4.3. Comparison with Other Methods
In this section, we evaluate the proposed model on the COCO dataset and the VOC dataset and compare it with other state-of-the-art methods. On the COCO dataset, we test AP, APS, APM, and APL, respectively, with the previous algorithms to verify the recognition performance on various scale targets. The FPS is not compared as the input is different. The results are shown in Table 3.
From the above results, it can be concluded that our model performs best on small-scale targets and only slightly behind Sniper on medium- and large-scale targets. We also show the test results of our model with other advanced methods on the VOC2012 dataset in Table 4, aiming to verify the recognition accuracy on specified targets. We select the target types like aero, boat, and bus. The reason that we select those targets is that they are similar to surface targets in appearance.
Our model achieves the highest recognition precision on three types of objects, aero, boat, bus, and performs worse on two types of objects, bike and car. The mean average precision is the highest among the listed methods. In addition, the model is tested on our self-built dataset and other public images. As can be seen in Figure 13, the classification and location of the target can be precisely returned regardless of the change in background and scale.

5. Summary and Prospect
To address the problems of diverse target types, easy confusion, large-scale span, and high requirements for the real time, this paper proposes a surface target recognition algorithm based on coordinate attention and double-layer cascade. The coordinate attention, which aggregates features along two spatial directions by feature encodings, retains the location information while learning spatial dependencies without additional network overhead. The double-layer cascade module aggregates parameters at different scales to further improve the feature extraction capability of the model for multiscale targets. Experimental results on the COCO dataset, the VOC dataset, and our self-built surface target dataset show that the proposed method is suitable for surface targets and has outstanding performance under evaluation metrics such as AP and FPS.

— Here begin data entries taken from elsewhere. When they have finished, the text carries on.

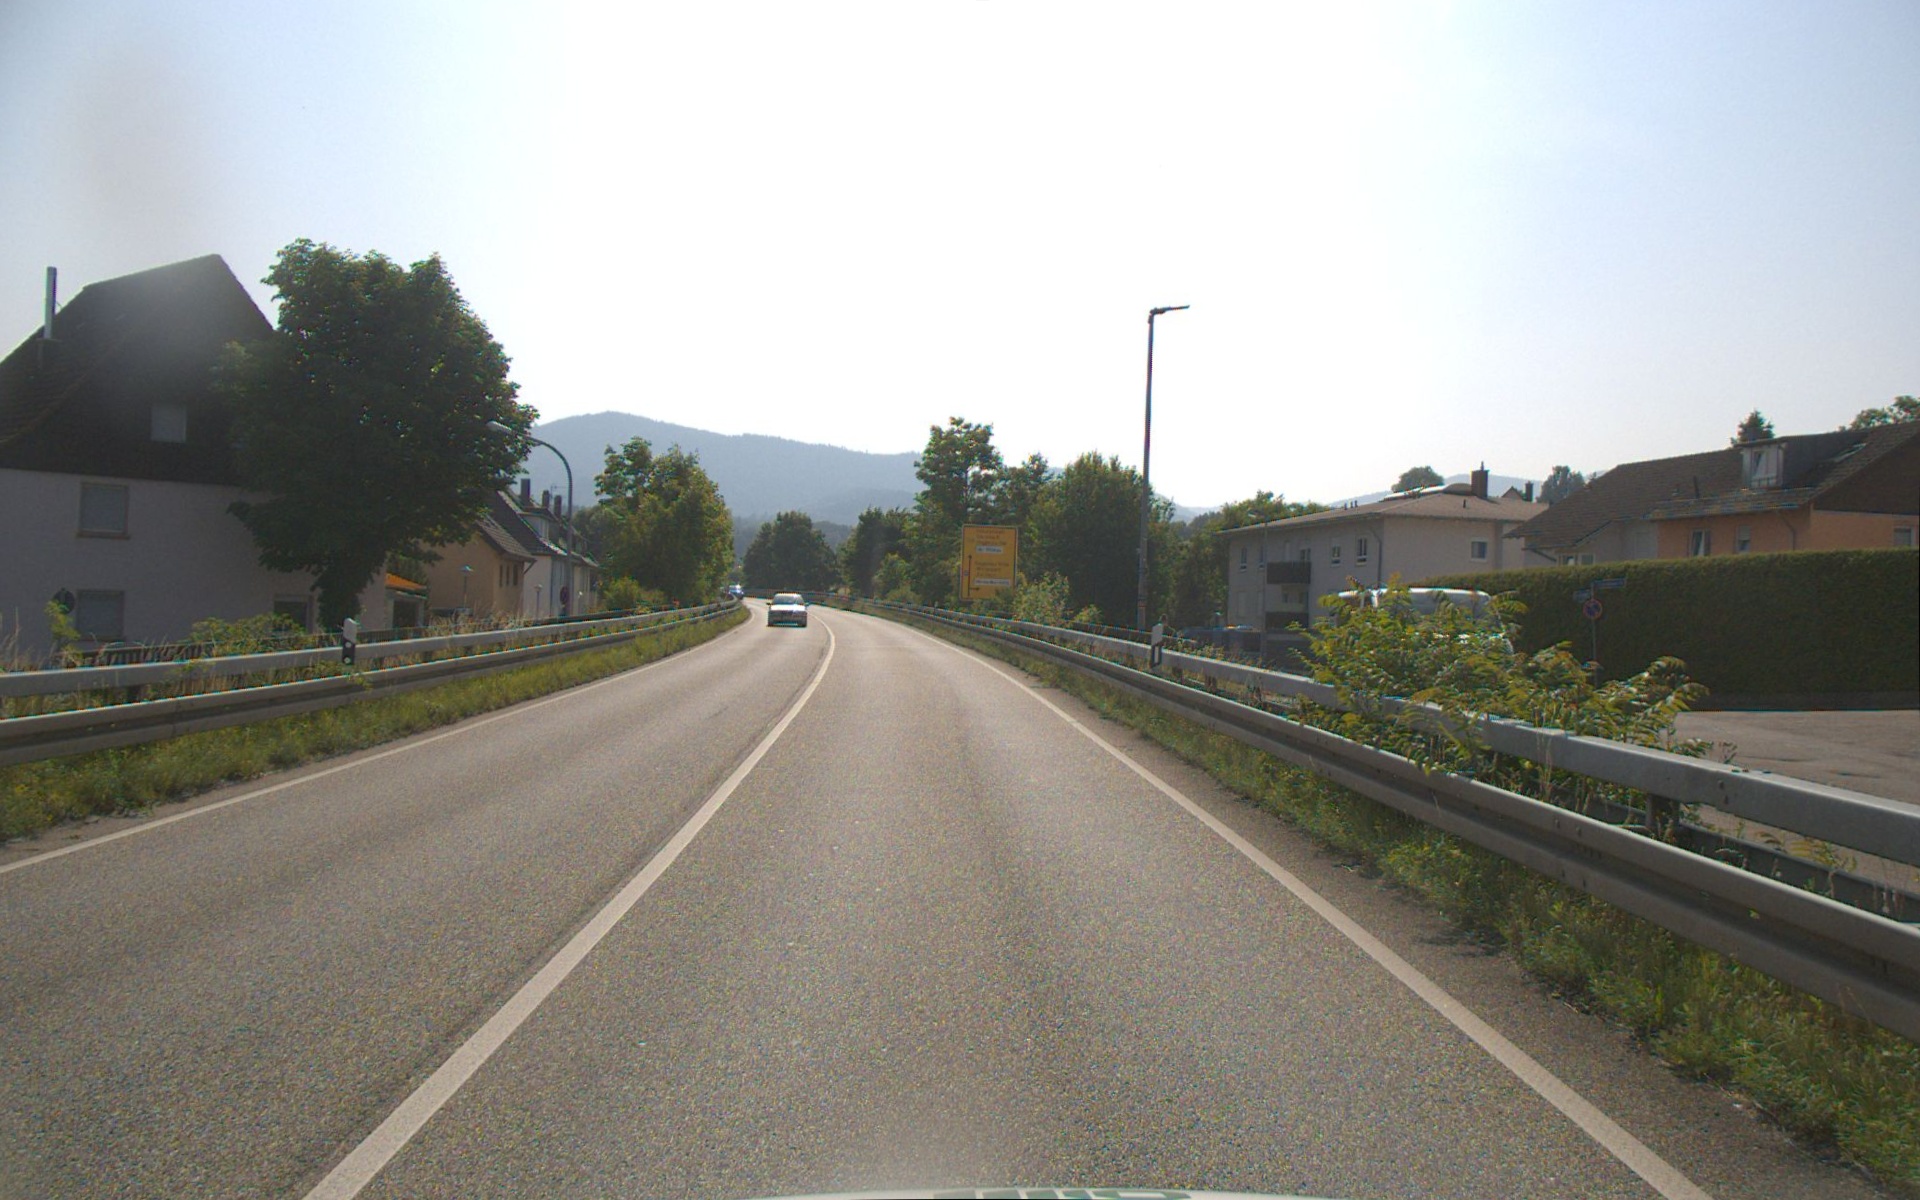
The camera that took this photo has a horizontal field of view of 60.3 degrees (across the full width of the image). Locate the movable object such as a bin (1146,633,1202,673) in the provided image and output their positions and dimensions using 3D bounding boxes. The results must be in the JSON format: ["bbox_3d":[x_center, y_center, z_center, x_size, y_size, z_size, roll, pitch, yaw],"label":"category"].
[{"bbox_3d":[12.012,2.971,92.871,2.730,2.049,1.585,3,0,-6],"label":"movable object such as a bin"}]

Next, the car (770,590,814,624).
[{"bbox_3d":[-7.354,0.299,72.797,1.723,1.435,3.987,-1,0,-3],"label":"car"}]

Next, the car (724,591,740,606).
[{"bbox_3d":[-26.047,-0.164,188.709,1.773,1.588,3.986,-1,0,-8],"label":"car"}]

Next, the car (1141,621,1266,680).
[{"bbox_3d":[12.513,2.627,85.199,5.955,2.735,2.310,2,-4,-6],"label":"car"}]

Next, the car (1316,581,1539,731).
[{"bbox_3d":[6.802,0.727,24.716,1.952,1.979,5.362,1,0,2],"label":"car"}]

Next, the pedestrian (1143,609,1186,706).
[{"bbox_3d":[4.376,1.215,35.410,0.771,2.049,0.997,1,0,0],"label":"pedestrian"}]
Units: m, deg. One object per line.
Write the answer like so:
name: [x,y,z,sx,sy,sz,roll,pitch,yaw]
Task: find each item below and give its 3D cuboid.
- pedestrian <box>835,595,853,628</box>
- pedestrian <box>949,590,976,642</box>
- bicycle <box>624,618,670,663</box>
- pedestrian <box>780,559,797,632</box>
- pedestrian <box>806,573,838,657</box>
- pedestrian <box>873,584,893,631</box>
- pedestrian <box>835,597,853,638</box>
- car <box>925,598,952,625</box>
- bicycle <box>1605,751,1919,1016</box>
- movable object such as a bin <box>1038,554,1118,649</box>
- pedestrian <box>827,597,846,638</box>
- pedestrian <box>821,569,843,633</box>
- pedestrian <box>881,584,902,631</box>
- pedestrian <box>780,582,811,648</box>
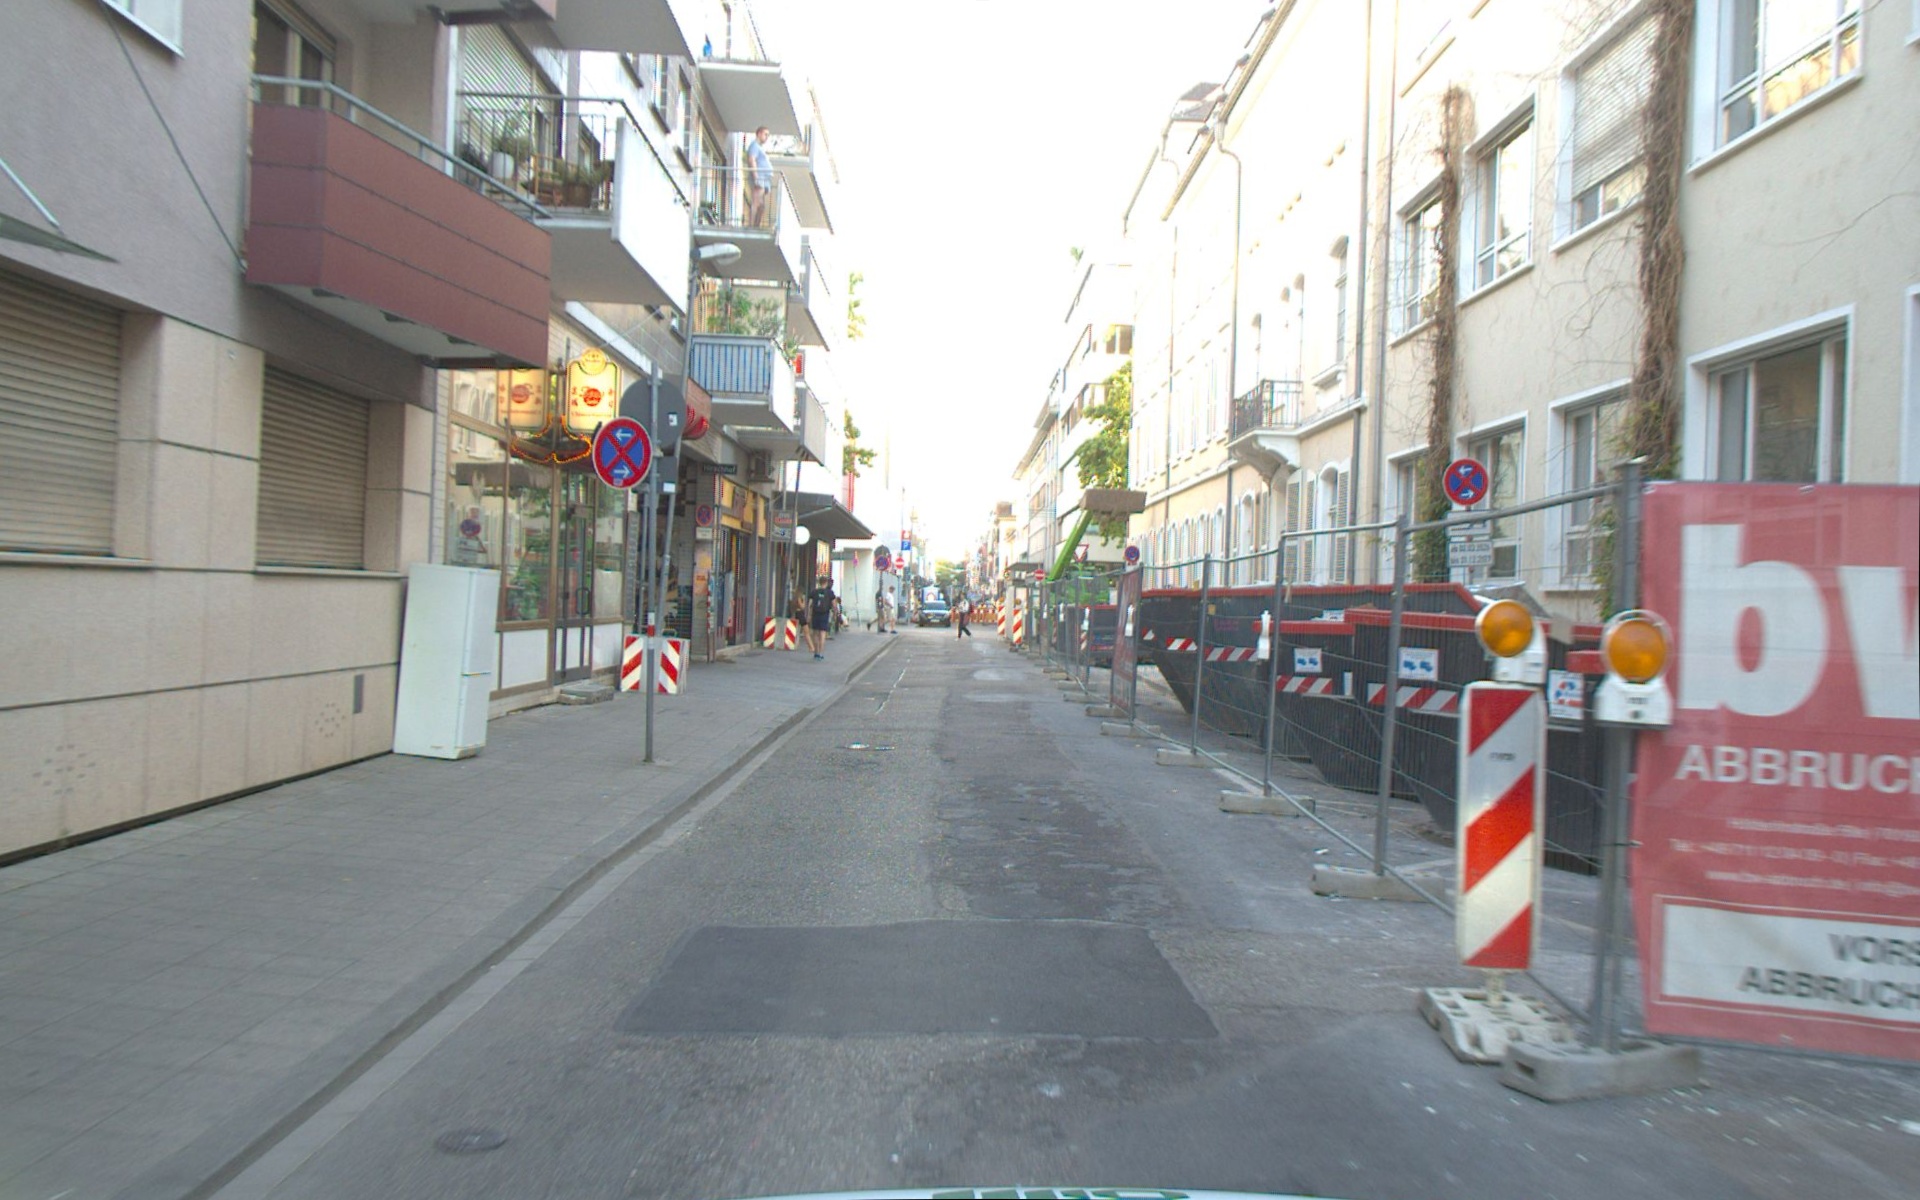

The surface target recognition algorithm is different from common target detection algorithm and recognition algorithm. It is more like a combination of both, which needs to give both the bounding box of the target and accurately identify the classification of the target. In addition, surface target recognition is usually applied to mobile platforms such as USVs, which puts higher requirements on the real-time nature of the algorithm. This paper still stays in the recognition of images in fixed scenes. In the future, more attention should be paid to the continuous tracking of targets in moving scenes and the collaborative perception of multiplatform and multiperspective under weak observation conditions.
Data Availability
The data used to support the findings of this study are available from the corresponding author upon request.
Conflicts of Interest
We declare that there is no conflict of interest regarding the publication of this paper.
Acknowledgments
This work was supported by the Natural Science Foundation of Hunan Province Youth Fund (Project No. 2020JJ5672).